Technical guidelines for (archaeological) data - DAI

A few months ago, we found out through Antiquist that DAI (Deutsches Archäologisches Institut, i.e. the German Archaeological Institute) has published a set of IT Guidelines for all its research projects. Even though it’s primarily intended for a German audience (German-speaking too, obviously) it is a very interesting piece of standards. You can get it from the DAI website in PDF. With some help from tools like Google Translate, one can even get an idea of what these guidelines say also without being a native speaker. We did, and here is a partial summary of the document. The DAI IT guidelines refer to other similar standards, among them the MINERVA EC Technical Guidelines, which are going to be addressed in another post. The main technical areas addressed in the DAI guidelines are those one would expect. For most data types, the base concept is that the most well-known standards should be used, even though there are some differences between the various fields (most notably DWG is an ugly proprietary format — even though recently some efforts have been done to support it with free/libre software).

  DAI guidelines
text data UTF-8 or UTF-16, XML (including ODT), PDF/A
raster graphics TIFF, DNG (JPEG to be avoided)
vector graphics DWG, DXF (de facto standard)
3D data U3D, VRML 2.0
databases (L)AMP (desktop databases to be avoided)
GIS GeoTIFF, ESRI Shapefiles
audio and video WAV, AIFF, MPEG-1, MPEG-2

One could say these recommendations aim to a lowest common point of interoperability and preservation, and it is probably so for a large part (but, see recent notes about Shapefile by QGIS’s Gary Sherman who doesn’t accept the definition of Shapefile as a dead format). However the DAI guidelines look good, not just in the details but also in the general requirements for procedures and prior planning and the clear remark that the adoption and use of open source software has to be the necessary aim of any project design.
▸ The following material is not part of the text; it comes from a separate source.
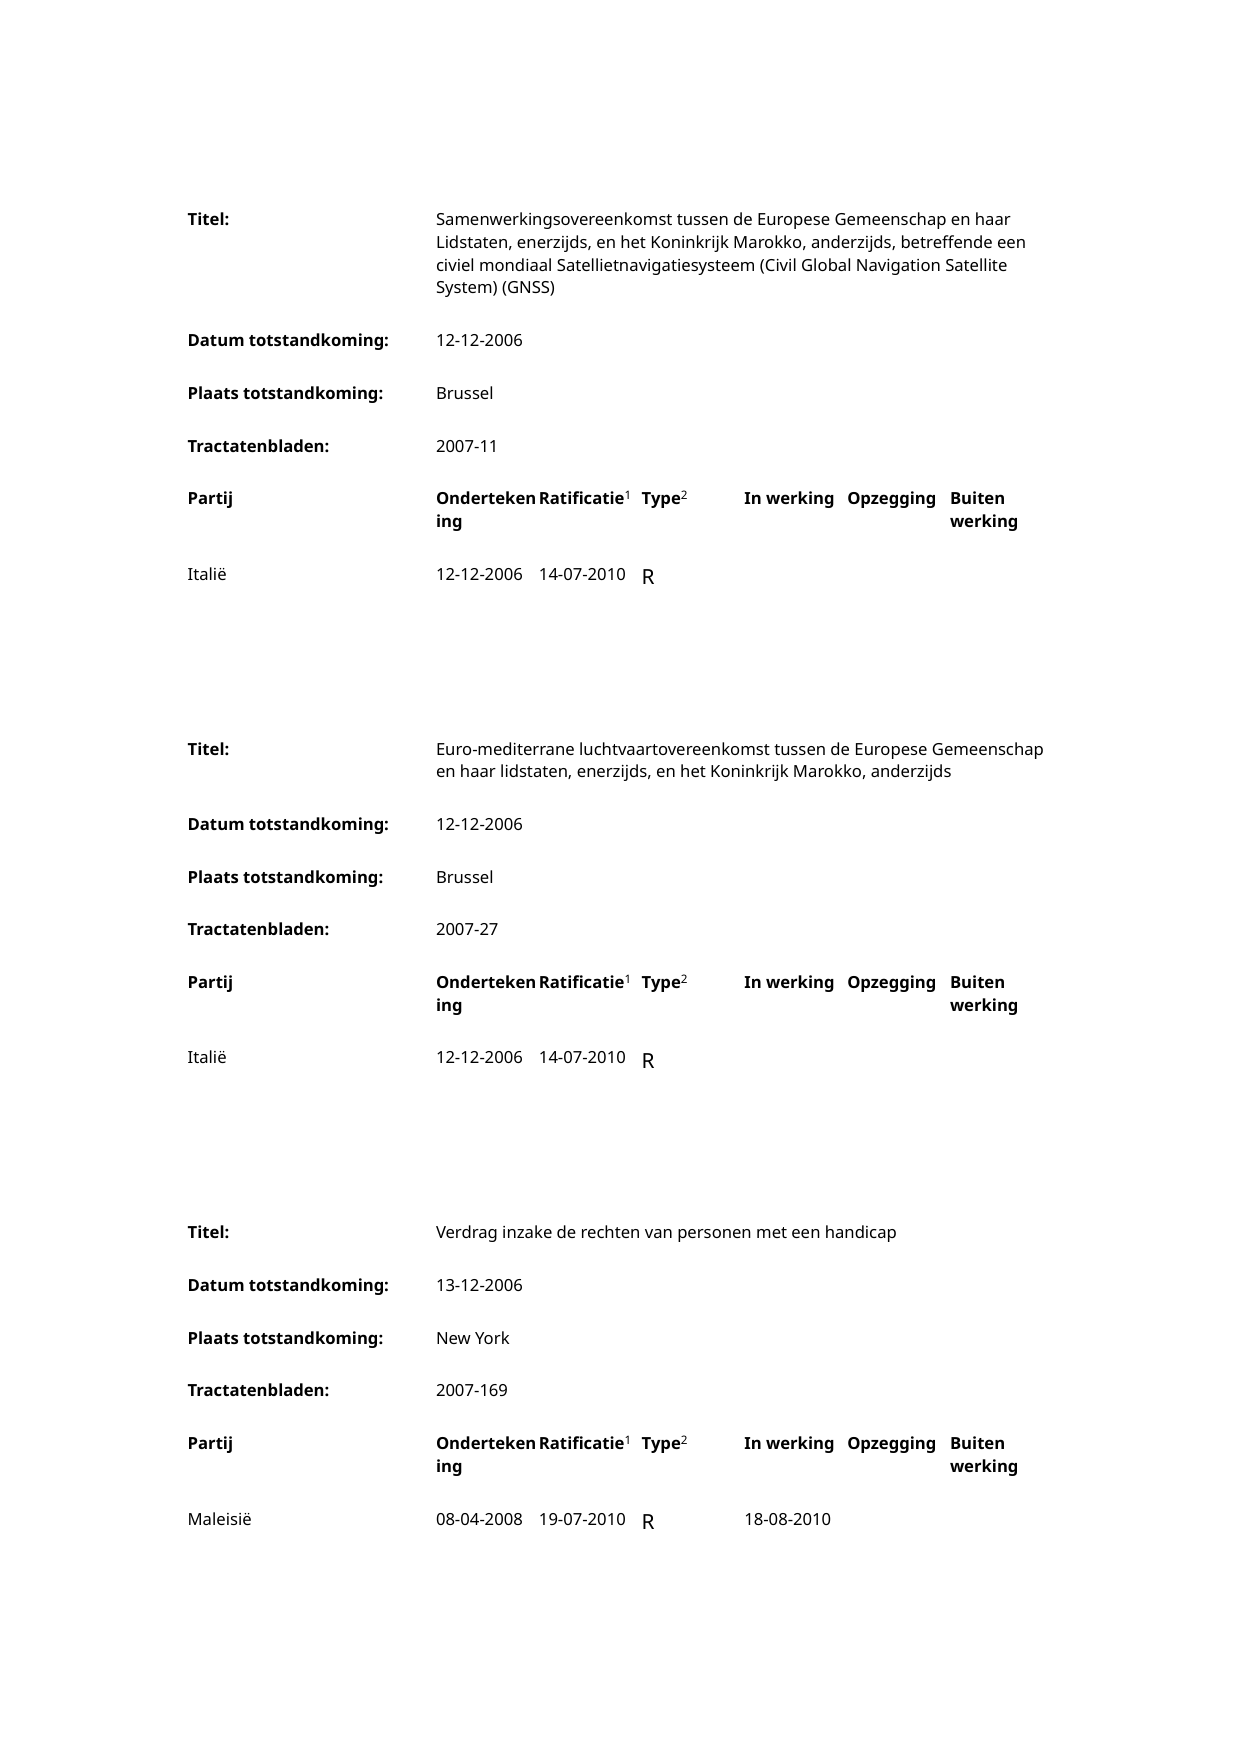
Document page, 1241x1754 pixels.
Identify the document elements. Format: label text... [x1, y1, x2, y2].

There is no mention in this document of using software formats like those used by Microsoft Word or Microsoft Access, and there’s a good reason behind this of course. If you ever tried opening a .docx document with Microsoft Word 2003 you should already know why.

As stated by Olla Mulholland:

as the DAI is one of the biggest players in classical archaeological research, the guidelines may well come to have an influence beyond the institute's own projects.

We hope so.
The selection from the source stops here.